#### Task details
For the data below, work out the number of lines containing the string "around" and answer with that number only.

============================================================

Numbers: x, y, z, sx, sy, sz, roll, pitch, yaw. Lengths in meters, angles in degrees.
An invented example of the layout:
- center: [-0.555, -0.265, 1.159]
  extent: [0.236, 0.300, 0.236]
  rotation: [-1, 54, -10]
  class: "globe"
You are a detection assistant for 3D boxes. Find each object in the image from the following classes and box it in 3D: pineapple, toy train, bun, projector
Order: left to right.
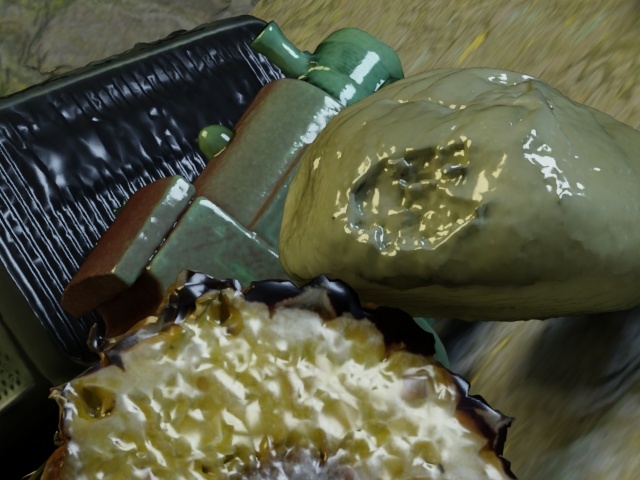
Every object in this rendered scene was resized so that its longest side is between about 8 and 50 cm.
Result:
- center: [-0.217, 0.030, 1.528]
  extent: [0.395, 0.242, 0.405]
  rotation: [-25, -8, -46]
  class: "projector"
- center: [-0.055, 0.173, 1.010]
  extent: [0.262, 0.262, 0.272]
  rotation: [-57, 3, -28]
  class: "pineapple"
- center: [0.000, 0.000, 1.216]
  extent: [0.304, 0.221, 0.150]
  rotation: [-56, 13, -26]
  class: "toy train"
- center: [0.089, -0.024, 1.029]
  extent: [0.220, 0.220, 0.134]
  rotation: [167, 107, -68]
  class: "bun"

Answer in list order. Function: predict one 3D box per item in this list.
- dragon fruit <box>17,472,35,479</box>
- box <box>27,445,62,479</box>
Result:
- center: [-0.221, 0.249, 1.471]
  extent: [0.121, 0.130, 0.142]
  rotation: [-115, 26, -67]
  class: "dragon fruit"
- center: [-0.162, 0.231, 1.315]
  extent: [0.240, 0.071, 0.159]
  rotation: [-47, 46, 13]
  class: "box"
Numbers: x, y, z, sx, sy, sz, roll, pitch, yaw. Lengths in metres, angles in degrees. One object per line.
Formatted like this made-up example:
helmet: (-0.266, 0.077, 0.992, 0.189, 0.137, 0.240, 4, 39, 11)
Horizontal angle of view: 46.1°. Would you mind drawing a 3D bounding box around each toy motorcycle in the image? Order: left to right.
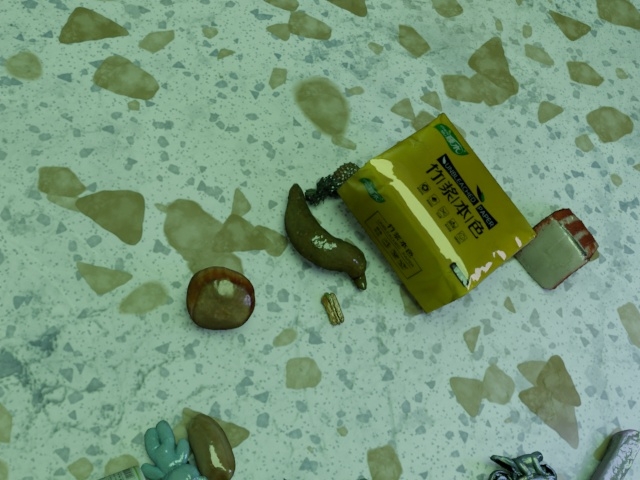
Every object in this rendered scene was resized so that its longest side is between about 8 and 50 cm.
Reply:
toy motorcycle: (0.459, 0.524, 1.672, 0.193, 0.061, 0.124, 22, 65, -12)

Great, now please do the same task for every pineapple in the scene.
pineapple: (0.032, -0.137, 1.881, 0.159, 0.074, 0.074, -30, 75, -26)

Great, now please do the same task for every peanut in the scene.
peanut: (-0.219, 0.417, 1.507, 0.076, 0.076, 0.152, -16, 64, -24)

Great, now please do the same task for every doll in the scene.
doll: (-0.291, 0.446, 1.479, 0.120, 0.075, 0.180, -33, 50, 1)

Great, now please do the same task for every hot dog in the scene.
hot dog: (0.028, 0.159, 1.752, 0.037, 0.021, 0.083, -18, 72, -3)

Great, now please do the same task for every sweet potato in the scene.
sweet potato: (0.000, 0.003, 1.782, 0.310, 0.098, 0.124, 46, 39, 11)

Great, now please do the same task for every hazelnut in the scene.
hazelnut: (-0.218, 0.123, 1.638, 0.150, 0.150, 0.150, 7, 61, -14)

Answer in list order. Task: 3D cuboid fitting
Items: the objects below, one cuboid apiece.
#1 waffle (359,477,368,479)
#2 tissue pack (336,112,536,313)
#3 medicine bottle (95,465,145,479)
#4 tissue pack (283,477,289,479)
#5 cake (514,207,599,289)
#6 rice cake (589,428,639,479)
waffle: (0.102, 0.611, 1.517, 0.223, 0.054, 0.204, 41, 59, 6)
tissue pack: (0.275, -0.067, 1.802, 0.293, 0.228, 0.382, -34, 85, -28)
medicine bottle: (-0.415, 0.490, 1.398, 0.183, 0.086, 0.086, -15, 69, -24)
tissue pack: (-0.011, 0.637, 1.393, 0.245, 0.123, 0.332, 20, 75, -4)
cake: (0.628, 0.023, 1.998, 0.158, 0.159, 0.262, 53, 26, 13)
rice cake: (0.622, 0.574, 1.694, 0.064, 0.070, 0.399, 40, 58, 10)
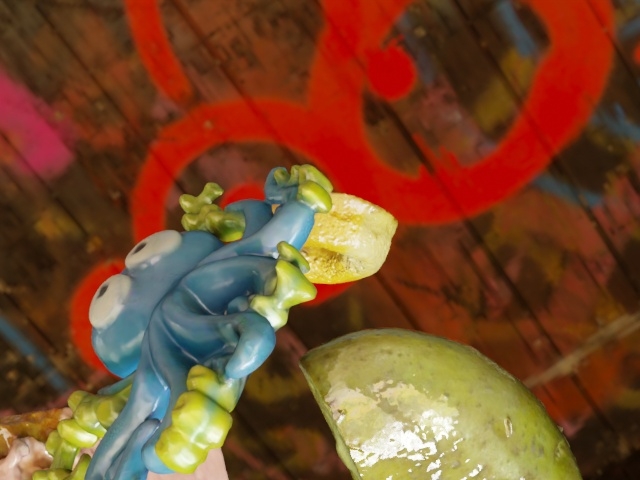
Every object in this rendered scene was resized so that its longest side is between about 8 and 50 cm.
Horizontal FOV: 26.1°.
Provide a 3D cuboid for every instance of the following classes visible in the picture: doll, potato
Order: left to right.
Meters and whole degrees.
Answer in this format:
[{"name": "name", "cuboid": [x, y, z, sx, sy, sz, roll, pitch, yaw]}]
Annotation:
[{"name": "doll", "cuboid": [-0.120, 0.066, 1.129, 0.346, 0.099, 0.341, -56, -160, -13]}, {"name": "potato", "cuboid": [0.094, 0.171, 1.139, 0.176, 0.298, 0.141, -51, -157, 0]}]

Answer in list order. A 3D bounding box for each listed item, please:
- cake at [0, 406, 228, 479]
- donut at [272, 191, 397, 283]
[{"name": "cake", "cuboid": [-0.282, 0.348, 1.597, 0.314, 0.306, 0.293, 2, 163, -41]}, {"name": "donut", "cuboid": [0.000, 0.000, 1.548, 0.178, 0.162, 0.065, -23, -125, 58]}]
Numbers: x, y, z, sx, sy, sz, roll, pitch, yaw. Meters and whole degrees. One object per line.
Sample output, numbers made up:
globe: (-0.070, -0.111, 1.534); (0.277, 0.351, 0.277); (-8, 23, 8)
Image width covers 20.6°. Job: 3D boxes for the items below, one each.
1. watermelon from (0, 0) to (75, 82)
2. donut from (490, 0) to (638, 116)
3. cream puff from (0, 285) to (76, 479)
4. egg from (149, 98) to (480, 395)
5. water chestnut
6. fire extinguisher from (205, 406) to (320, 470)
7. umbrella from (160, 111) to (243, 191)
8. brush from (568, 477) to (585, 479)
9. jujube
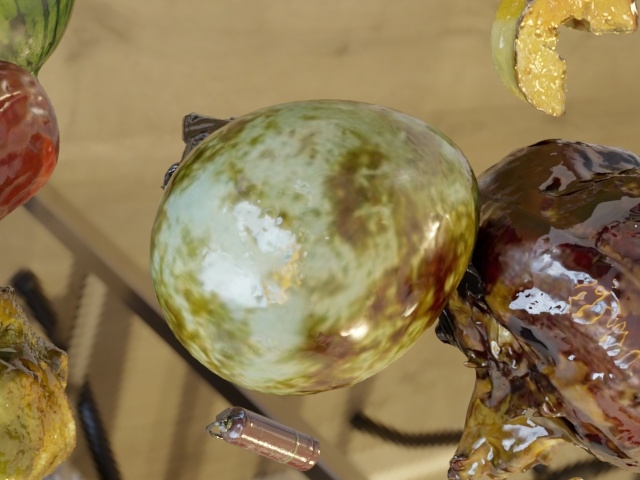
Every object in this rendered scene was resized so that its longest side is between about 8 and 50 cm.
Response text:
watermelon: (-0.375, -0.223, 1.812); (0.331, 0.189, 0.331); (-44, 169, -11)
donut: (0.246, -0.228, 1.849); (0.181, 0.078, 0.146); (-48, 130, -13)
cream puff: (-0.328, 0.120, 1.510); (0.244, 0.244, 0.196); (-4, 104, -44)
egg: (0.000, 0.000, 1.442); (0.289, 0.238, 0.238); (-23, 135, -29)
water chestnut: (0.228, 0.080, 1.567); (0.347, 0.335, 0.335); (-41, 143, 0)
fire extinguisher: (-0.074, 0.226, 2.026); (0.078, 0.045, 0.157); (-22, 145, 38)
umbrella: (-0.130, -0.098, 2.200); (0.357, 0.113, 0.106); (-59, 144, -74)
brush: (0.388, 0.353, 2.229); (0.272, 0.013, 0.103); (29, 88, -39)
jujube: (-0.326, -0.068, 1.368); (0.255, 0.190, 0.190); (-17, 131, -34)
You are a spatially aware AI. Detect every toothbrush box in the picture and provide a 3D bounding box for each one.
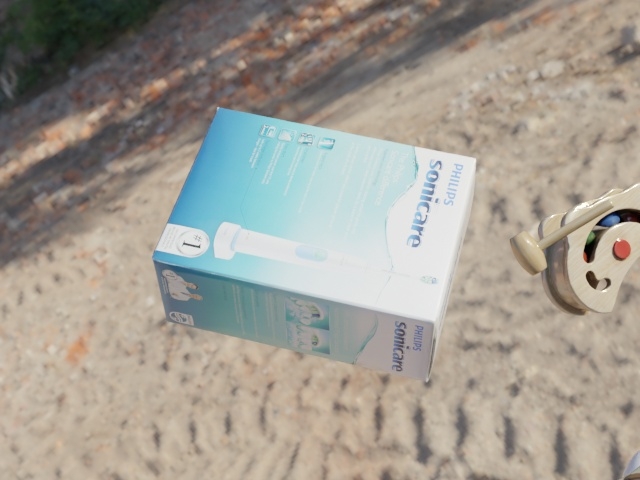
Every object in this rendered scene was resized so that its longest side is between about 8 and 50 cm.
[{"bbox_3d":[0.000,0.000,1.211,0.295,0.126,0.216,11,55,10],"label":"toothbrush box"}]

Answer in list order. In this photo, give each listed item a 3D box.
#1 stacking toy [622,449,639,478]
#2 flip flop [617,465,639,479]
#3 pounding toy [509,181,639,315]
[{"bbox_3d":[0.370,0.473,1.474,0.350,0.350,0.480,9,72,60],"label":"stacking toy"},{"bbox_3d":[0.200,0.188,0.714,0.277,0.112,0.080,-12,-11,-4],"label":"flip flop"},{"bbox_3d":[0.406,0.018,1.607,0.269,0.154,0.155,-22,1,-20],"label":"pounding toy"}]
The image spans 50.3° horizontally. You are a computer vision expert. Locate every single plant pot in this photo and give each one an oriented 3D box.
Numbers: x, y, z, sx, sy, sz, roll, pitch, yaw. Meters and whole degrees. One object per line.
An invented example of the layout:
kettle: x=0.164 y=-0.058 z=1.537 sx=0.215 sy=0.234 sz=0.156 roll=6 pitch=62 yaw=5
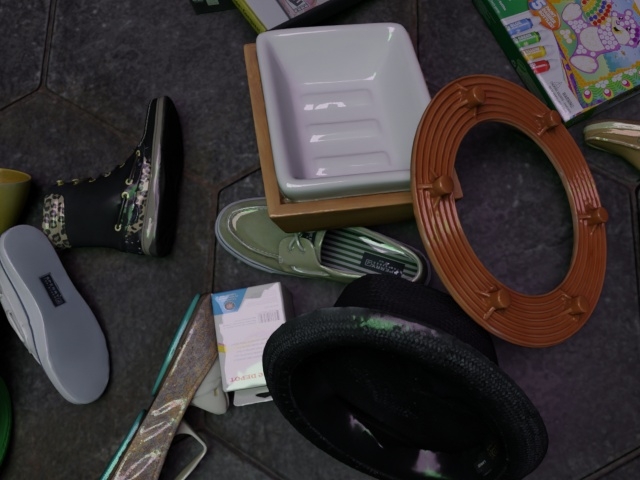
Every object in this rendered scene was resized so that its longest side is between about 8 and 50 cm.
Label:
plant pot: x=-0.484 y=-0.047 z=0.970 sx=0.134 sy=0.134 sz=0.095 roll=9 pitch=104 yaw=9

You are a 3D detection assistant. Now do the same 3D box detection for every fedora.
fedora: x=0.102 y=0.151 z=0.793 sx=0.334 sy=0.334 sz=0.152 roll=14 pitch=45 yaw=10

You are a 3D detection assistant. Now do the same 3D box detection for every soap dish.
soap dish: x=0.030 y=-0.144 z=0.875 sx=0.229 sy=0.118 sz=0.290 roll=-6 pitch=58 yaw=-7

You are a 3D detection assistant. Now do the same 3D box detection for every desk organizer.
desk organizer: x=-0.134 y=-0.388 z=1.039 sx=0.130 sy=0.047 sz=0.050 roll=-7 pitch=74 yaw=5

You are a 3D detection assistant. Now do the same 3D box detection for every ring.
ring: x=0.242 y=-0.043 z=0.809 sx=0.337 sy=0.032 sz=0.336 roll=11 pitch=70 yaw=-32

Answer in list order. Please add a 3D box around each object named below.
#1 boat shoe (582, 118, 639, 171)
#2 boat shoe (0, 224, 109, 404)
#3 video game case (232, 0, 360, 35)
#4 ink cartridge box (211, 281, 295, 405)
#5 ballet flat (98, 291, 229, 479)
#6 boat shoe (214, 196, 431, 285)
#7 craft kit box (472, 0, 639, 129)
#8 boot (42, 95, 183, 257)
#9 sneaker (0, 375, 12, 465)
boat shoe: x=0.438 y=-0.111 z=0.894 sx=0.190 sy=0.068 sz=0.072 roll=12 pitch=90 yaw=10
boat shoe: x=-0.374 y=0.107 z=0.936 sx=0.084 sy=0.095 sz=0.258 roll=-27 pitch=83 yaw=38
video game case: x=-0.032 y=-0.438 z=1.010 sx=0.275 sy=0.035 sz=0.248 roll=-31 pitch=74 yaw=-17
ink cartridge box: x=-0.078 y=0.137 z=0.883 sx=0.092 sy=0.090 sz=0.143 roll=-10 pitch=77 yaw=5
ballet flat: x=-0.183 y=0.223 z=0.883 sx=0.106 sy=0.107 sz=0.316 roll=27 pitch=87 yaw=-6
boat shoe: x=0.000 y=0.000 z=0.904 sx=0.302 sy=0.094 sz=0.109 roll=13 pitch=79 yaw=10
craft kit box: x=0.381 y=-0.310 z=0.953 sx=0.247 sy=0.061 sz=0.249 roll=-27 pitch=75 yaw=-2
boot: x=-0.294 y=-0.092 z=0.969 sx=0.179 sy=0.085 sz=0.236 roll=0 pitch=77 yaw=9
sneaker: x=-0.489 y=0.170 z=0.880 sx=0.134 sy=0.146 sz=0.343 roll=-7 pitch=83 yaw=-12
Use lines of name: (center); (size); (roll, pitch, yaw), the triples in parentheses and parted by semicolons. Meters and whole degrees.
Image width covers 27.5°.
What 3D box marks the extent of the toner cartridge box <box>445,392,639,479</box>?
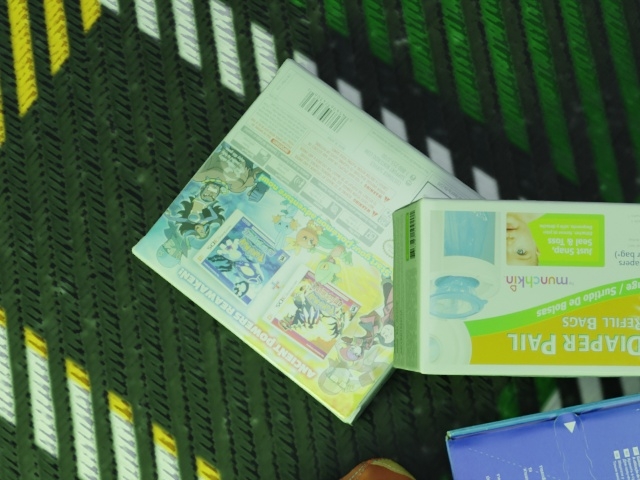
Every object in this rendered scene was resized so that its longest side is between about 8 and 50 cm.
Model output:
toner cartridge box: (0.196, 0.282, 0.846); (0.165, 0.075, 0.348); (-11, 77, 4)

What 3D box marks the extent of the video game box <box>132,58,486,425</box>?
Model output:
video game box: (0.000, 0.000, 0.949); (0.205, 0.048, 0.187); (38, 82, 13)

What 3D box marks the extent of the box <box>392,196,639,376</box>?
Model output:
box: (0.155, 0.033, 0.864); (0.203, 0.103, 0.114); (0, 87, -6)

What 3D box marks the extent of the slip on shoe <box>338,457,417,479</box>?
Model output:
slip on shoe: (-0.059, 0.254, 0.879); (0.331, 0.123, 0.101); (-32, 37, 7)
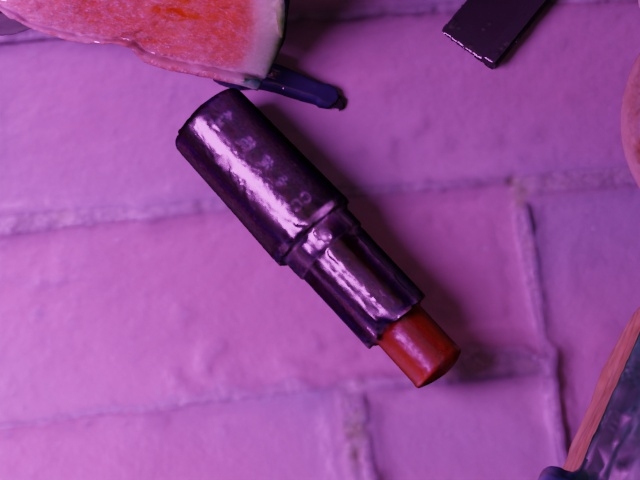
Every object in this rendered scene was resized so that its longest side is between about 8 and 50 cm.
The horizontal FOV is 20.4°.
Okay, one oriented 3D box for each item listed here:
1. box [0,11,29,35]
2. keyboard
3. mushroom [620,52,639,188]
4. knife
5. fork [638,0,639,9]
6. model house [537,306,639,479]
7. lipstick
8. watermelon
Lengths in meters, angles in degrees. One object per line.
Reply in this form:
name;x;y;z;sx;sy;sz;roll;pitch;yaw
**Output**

============================================================

#### Result below
2